Винляндия — страница 57 из 85

— Боюсь, в Додж вам придётся пешком, маршал.

— Не думаю, что у меня есть шанс, но не покажете ли, э…

ДЛ уделила ему краткое, однако подлинно сочувственное объятье.

— Этому учатся много лет, а когда выучишься, уже никакого удовольствия.

Они оставили его у дороги, глядящим вслед.

— Придумала б раньше, — пробормотала ДЛ, — у нас бы весь Пентагон превратился в голубятню. — Нет ответа. Френези была в слезах, вся изогнулась на сиденье, стараясь не столько рассмотреть маршала, сколько просто смотреть туда, откуда приехали. ДЛ, может, ожидала и большего радушия, но решила, что с замечаниями своими обождёт до попозже. Ну и к лучшему.

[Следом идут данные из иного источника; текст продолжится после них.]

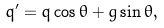<formula> <loc_0><loc_0><loc_500><loc_500>q ^ { \prime } = q \cos \theta + g \sin \theta ,</formula> 
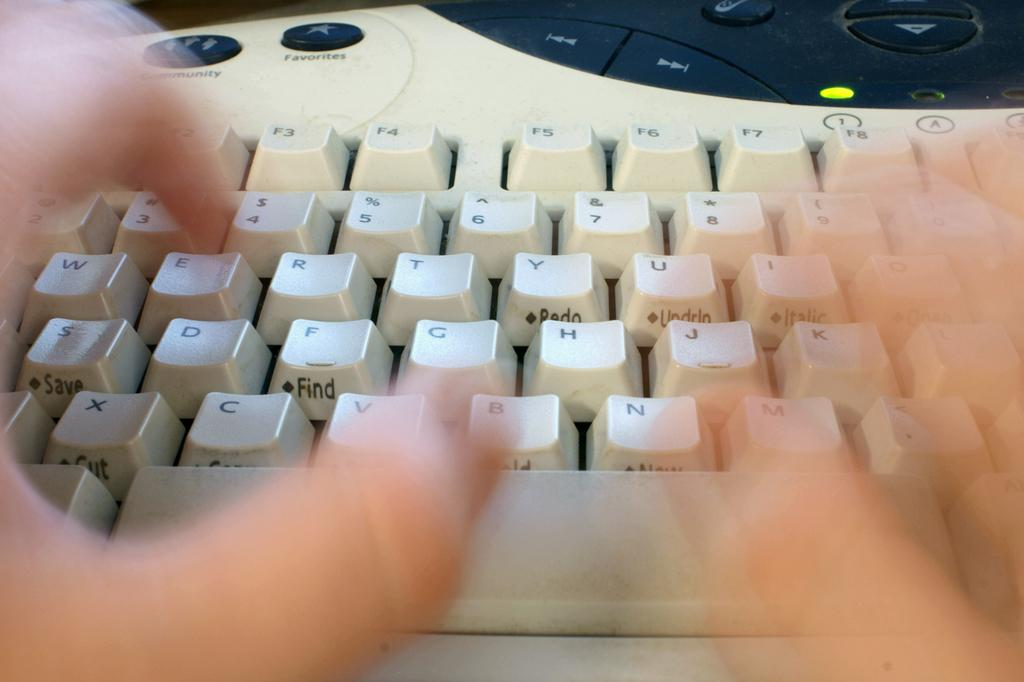<image>
Present a compact description of the photo's key features. A person is typing at a keyboard that has a community and favorites button. 
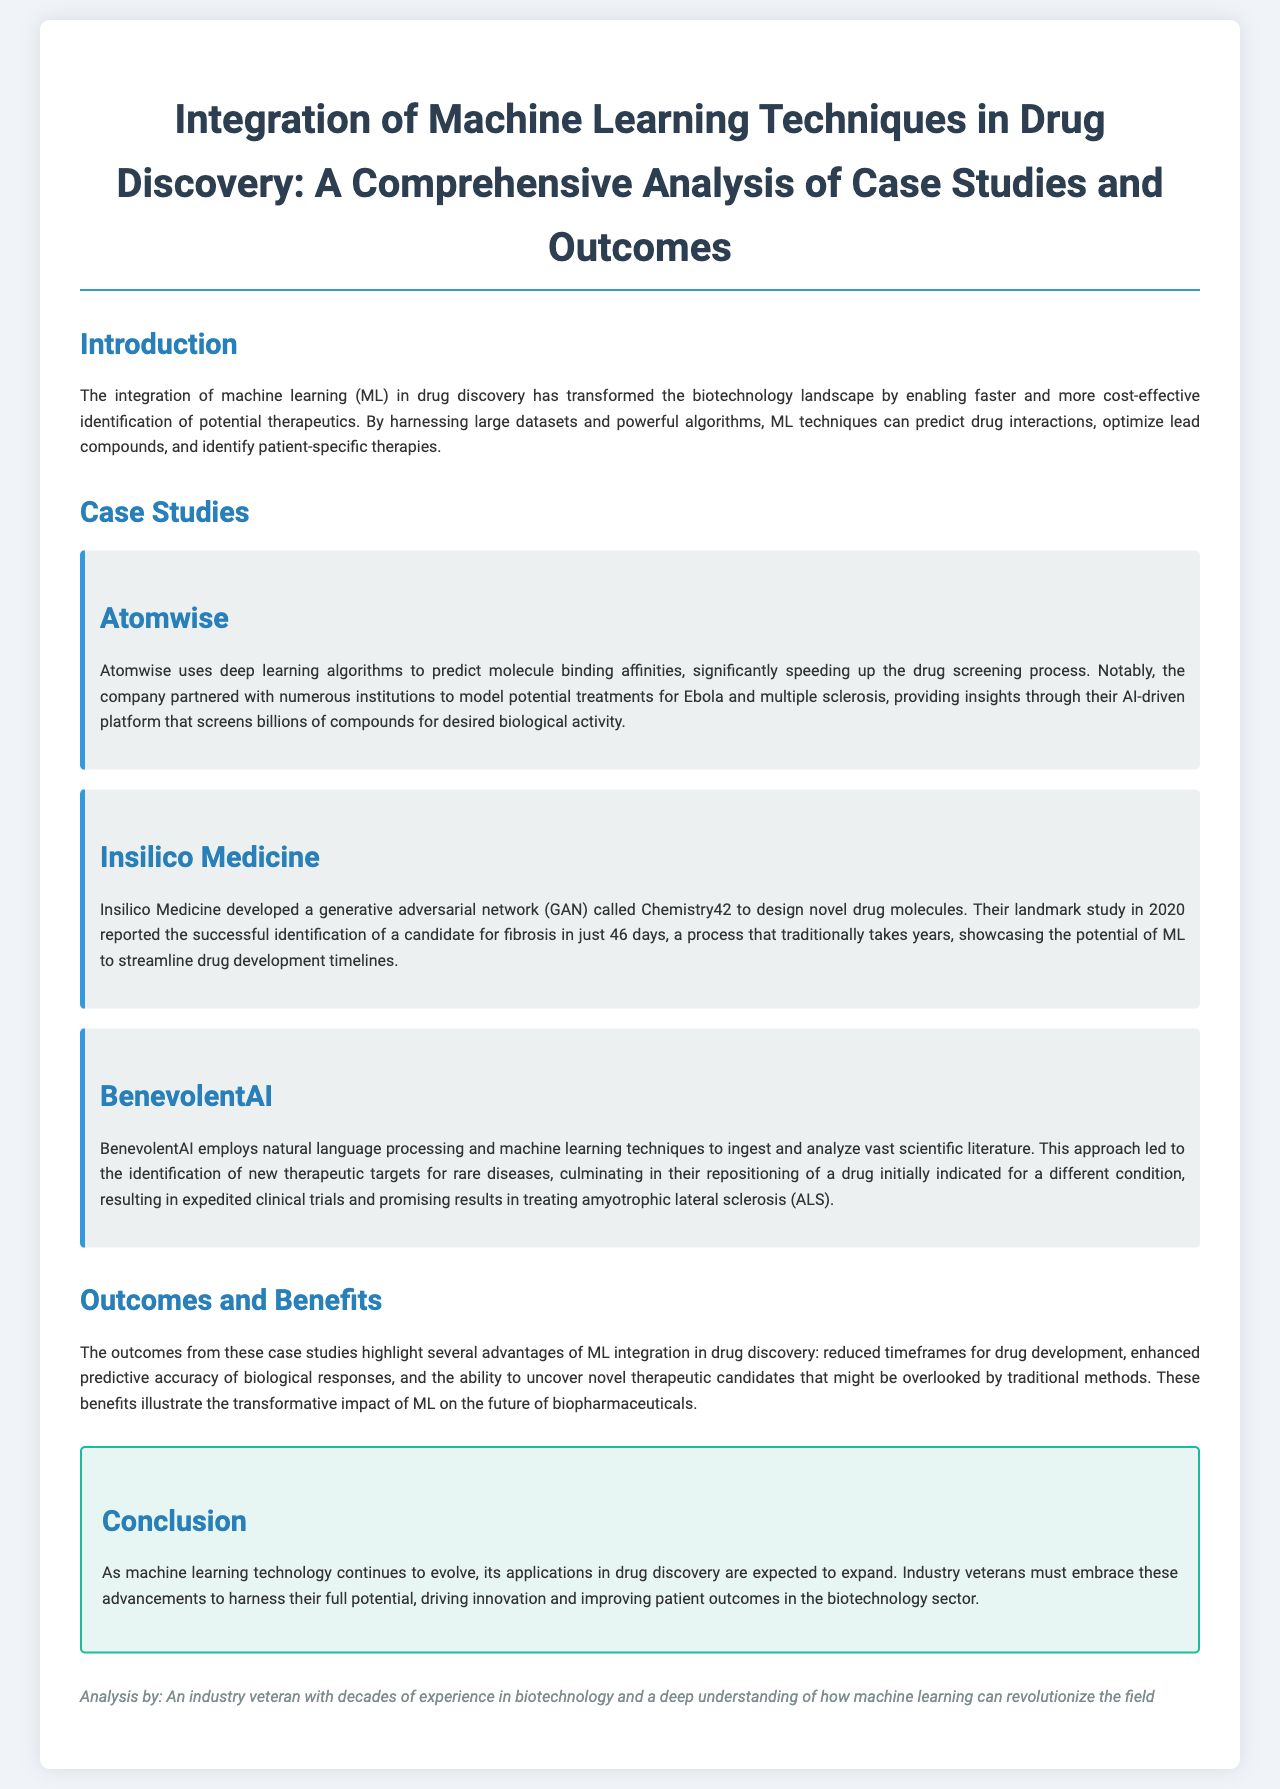What is the title of the report? The title is presented prominently at the beginning of the document and summarizes the content.
Answer: Integration of Machine Learning Techniques in Drug Discovery: A Comprehensive Analysis of Case Studies and Outcomes Which company developed a generative adversarial network called Chemistry42? The document identifies Insilico Medicine as the developer of this technology for drug design.
Answer: Insilico Medicine What disease was targeted by Atomwise's AI-driven platform? Atomwise's platform was notably used for modeling potential treatments for Ebola and multiple sclerosis.
Answer: Ebola and multiple sclerosis How long did it take Insilico Medicine to identify a candidate for fibrosis? This information is mentioned in the context of their significant achievement in drug identification speed.
Answer: 46 days What is one of the main benefits of integrating ML in drug discovery according to the document? The document outlines various advantages, including reduced timeframes for drug development.
Answer: Reduced timeframes for drug development What type of techniques does BenevolentAI use to analyze scientific literature? The document specifies that BenevolentAI employs natural language processing as part of its approach.
Answer: Natural language processing What is a key outcome from the case studies highlighted in the report? The report summarizes outcomes that showcase enhanced predictive accuracy of biological responses through ML.
Answer: Enhanced predictive accuracy of biological responses What is the conclusion about the future impact of ML in drug discovery? The conclusion emphasizes the expected expansion of ML applications in drug discovery as technology evolves.
Answer: Expected expansion of ML applications in drug discovery 
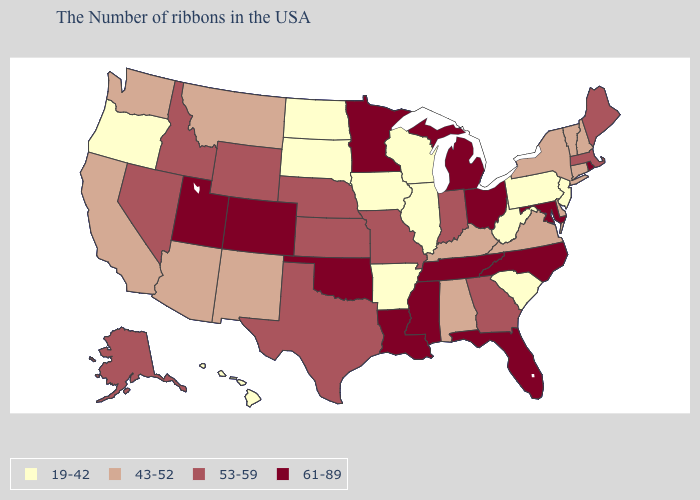Among the states that border Washington , does Oregon have the lowest value?
Concise answer only. Yes. Name the states that have a value in the range 43-52?
Be succinct. New Hampshire, Vermont, Connecticut, New York, Delaware, Virginia, Kentucky, Alabama, New Mexico, Montana, Arizona, California, Washington. What is the highest value in the USA?
Answer briefly. 61-89. What is the value of Montana?
Short answer required. 43-52. Does the first symbol in the legend represent the smallest category?
Answer briefly. Yes. Name the states that have a value in the range 53-59?
Give a very brief answer. Maine, Massachusetts, Georgia, Indiana, Missouri, Kansas, Nebraska, Texas, Wyoming, Idaho, Nevada, Alaska. Is the legend a continuous bar?
Concise answer only. No. Name the states that have a value in the range 19-42?
Write a very short answer. New Jersey, Pennsylvania, South Carolina, West Virginia, Wisconsin, Illinois, Arkansas, Iowa, South Dakota, North Dakota, Oregon, Hawaii. How many symbols are there in the legend?
Quick response, please. 4. What is the highest value in the South ?
Quick response, please. 61-89. Does the first symbol in the legend represent the smallest category?
Be succinct. Yes. Which states have the highest value in the USA?
Give a very brief answer. Rhode Island, Maryland, North Carolina, Ohio, Florida, Michigan, Tennessee, Mississippi, Louisiana, Minnesota, Oklahoma, Colorado, Utah. Which states have the lowest value in the South?
Answer briefly. South Carolina, West Virginia, Arkansas. What is the value of Idaho?
Answer briefly. 53-59. Does Pennsylvania have the lowest value in the Northeast?
Write a very short answer. Yes.

После рандеву с Хауи и Млатом она помчалась во весь опор на «Ай-5», оттуда рванула на «Ай-80», высадила мальчиков у съезда на Университетскую авеню, и осталась с односложной и отдалившейся Френези наконец в ещё-не-модной мексиканской рыбацкой деревеньке Кильбасасос, на Тихоокеанском побережье, в нескольких недолгих, но требовательных милях по грунтовке от прибрежного шоссе. К тому времени они уже поменялись на «камаро» неопределённого возраста и цвета, интегрировались в общий поток УЛ[110], головы повязали косынками, ехали чуть ниже предела скорости, отпускной нырок в старую добрую Мексику. Проснулись на закате в обветшалой гостинице на окраине городка, под музыку маримбы из кантоны через дорогу, под запах разогретого чеснока, мяса на открытом огне, кукурузного хлеба в печи, вдруг — Френези в кратком возвращении со смутной улыбкой — обе голодные. Вынырнув со двора, полного висячих цветов и птиц в клетках, как раз в тот час, когда зажигаются огни, выходят призраки, они увидели, как их тени, что словно из комнаты смеха, забираются деревенскими поверхностями, пропитанными закатом, как вечер фильтрует краски шалфея, абрикоса, самана и вина, и вверх-вниз по блуждающим улочкам они пришли за своими носами наконец к береговой линии, фонарное сияние размазано вокруг каждой муниципальной лампочки, вздетой на железные столбы, выкрашенные зеленью, со всех сторон музыка, из радиоприёмников, аккордеонов, певцов без аккомпанемента, музыкальных автоматов, гитар. Газетные торговцы с поздними изданиями из столицы вбегали в бары и кафе и выбегали, повторяя слово «Noticias»[111] с интервалами, регулярными, как птичьи голоса, а прибой всё плескал, подкатывая, в ином ритме. ДЛ и Френези нашли деревянные стулья и столик снаружи ресторанчика, где блюдом дня было морское рагу, обильное чесноком, тмином и орегано, жаркое от чили, кишащее океанической антологией обрезков сегодняшнего улова, смотреть радостно, а есть и подавно, что они поспешно и сделали, главным образом — руками или тортийями. Пока девушки обжирались, как свиньи, также явились бутылки пива, рис и фасоль, манго и ломти ананаса, присыпанные молотой корицей, пока, примерно в тот же миг, когда Френези испускала:

— Фуу-уии! — и тянулась в сумочку за пачкой «Холодка», не вышел хозяин и не стал накрывать другие столики целлофаном.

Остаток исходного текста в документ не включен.